(SUPPLIED DATA)
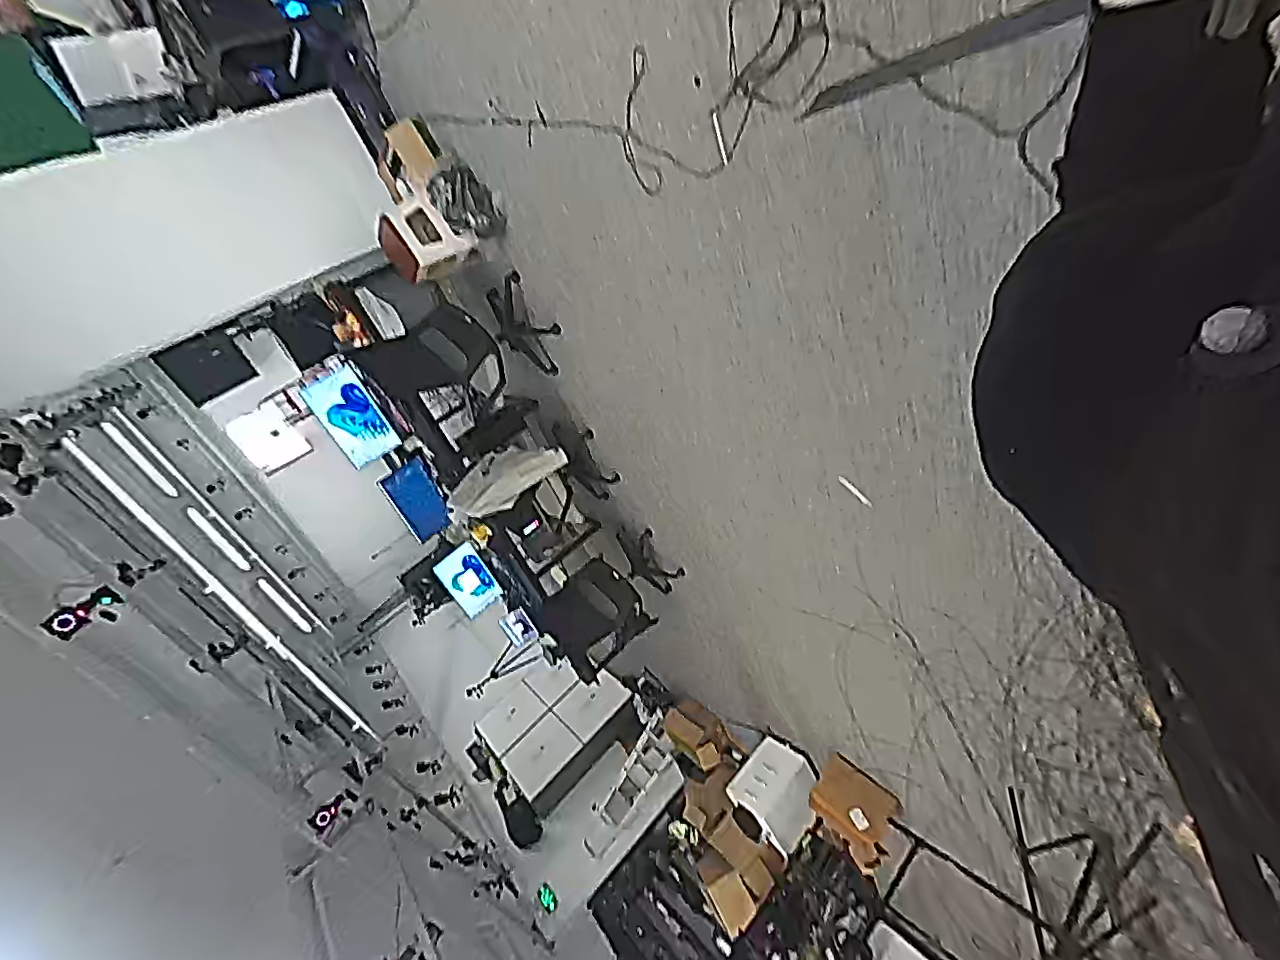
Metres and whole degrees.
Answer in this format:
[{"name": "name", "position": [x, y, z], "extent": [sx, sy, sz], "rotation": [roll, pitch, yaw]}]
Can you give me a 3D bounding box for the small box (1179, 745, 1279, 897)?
[{"name": "small box", "position": [1.213, 0.668, 1.066], "extent": [0.168, 0.176, 0.179], "rotation": [20, 140, 48]}]
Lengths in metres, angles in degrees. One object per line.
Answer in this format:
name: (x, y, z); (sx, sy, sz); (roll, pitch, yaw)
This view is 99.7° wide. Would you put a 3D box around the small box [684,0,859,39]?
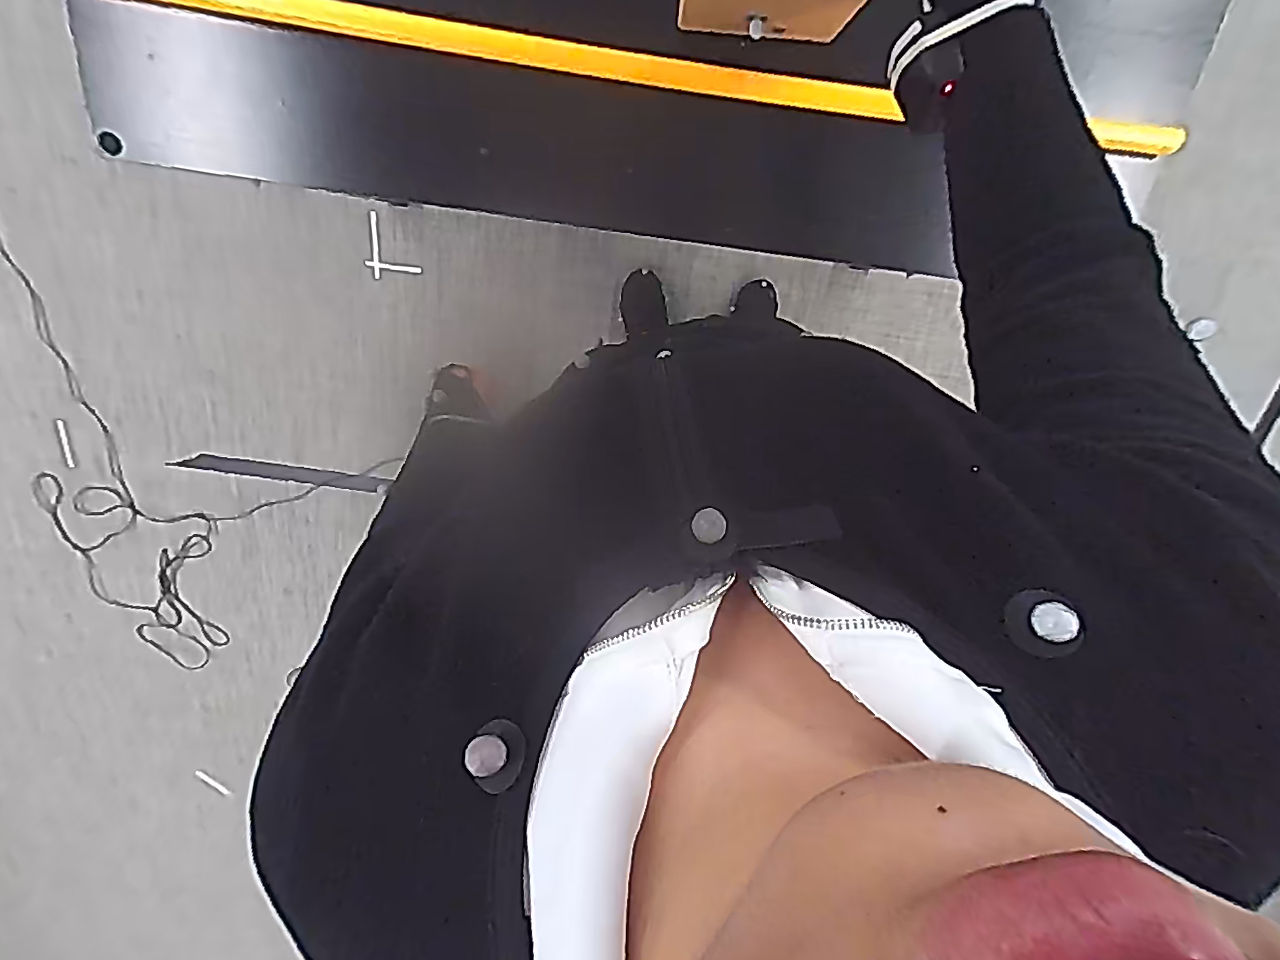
small box: (0.131, -0.530, 0.472); (0.168, 0.176, 0.179); (4, 113, -2)
(End SUPPLIED DATA)
◆ EXERCISE OBJECTIVE ◆
Your task is to repeat, word for word and with no picture, every line from the one that contains "name: (x, y, z);" through the last line of the data.

◆ COMPLETED EXERCISE ◆
name: (x, y, z); (sx, sy, sz); (roll, pitch, yaw)
This view is 99.7° wide. Would you put a 3D box around the small box [684,0,859,39]?
small box: (0.131, -0.530, 0.472); (0.168, 0.176, 0.179); (4, 113, -2)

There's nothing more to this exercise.